Opinion: The fallacy of early formal reading instruction


We all want our children to succeed in school. However, there is widespread disagreement on how best to achieve this. I believe that we have the greatest chance of success when we incorporate research-based best practices into schools. The current state of American education is the direct result of our reliance on conventional wisdom and myths to guide our educational practices. We have no chance at success until we listen to what scientists have now determined.

The most pernicious myth about education is that earlier is always better in regards to formal instruction. Nowhere is this myth more prevalent than with formal reading instruction. About 30 years ago, most schools moved the introduction of formal reading instruction from first grade into kindergarten. The results have been disastrous.

Reading readiness used to be open to debate. Thanks to MRI studies of children’s brains, we can now say with certainty when children are ready to learn to read efficiently and without undue stress. Five neural structures in the brain must fully develop for this to occur. Fortunately, we can determine this development from behavioral cues rather than performing an MRI. Brain researchers have determined that the typical age range for this development is between 4 and 8 years of age. Some children are ready to read at age 4 or 5. Other children, just as typical, will not be ready to read until ages 6, 7, or 8. By insisting that all children begin formal reading instruction at age 5, we are dooming millions of children to academic disengagement and school failure.
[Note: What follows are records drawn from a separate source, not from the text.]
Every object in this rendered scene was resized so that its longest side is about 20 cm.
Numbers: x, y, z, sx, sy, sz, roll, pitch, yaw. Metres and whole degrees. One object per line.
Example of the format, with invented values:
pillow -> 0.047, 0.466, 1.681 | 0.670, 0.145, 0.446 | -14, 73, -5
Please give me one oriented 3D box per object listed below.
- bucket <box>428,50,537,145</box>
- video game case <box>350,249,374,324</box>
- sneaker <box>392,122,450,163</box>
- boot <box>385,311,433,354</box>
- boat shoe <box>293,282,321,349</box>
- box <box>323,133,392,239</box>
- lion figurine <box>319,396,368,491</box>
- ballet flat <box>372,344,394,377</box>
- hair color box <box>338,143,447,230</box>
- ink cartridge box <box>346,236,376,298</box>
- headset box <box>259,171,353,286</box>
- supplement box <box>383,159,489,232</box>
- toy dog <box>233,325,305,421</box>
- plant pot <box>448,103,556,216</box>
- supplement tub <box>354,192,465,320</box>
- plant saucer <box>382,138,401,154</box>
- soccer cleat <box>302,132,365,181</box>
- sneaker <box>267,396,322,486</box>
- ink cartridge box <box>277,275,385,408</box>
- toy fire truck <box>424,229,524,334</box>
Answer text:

Research shows that very few people will persist in any activity that makes them feel stupid. When we force formal reading instruction on children whose brains are not ready, we create a mental association within them between reading and feeling stupid. Most of these children will eventually become fluent readers, but the damage will be already done; these children will forever associate school and reading with feelings of failure.
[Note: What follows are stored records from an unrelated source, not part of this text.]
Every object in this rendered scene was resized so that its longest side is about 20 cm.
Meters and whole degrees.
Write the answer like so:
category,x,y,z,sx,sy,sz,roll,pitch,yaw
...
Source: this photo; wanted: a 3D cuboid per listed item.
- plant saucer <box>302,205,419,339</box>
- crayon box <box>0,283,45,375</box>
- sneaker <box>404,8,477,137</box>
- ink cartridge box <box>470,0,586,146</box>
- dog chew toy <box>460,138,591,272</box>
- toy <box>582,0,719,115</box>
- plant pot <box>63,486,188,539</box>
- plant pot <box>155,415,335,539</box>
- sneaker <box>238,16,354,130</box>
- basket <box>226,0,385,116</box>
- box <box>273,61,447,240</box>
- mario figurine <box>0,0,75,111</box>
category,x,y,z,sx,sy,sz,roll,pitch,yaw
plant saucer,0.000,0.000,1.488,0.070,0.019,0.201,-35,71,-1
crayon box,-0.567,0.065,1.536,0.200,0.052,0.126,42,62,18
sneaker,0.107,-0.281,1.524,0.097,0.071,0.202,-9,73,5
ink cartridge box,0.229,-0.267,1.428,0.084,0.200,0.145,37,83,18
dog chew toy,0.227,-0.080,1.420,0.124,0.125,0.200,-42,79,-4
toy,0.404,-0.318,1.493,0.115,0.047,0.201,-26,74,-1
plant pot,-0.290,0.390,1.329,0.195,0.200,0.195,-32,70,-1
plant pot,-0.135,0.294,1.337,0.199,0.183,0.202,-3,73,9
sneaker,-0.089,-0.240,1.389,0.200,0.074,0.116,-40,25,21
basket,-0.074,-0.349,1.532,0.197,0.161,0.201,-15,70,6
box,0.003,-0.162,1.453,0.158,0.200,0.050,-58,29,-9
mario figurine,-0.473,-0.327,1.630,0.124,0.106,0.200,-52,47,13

There is no relationship between early reading and school success. Some of history’s smartest people including Albert Einstein were late readers. There is a strong relationship between the love of books and school achievement. Instead of focusing on how early we can get children to read, we need to focus on their life-long positive orientation towards books and education.

Finland has the highest average academic achievement among developed countries. They do not teach their children to read until age 7. In fact, countries starting formal reading instruction after age 6 have higher academic achievement than countries starting at age 5. This is no accident.

The pioneers of Western educational thought including Rousseau, Pestalozzi and John Dewey all argued against early reading. They believed that the human brain must first master concrete learning before moving into abstract learning. Rudolf Steiner, the founder of Waldorf Education, stated bluntly that premature formal reading instruction would make children materialistic and disengaged from their own educations. I bet this sounds familiar to parents who have grown children living in their basements playing video games.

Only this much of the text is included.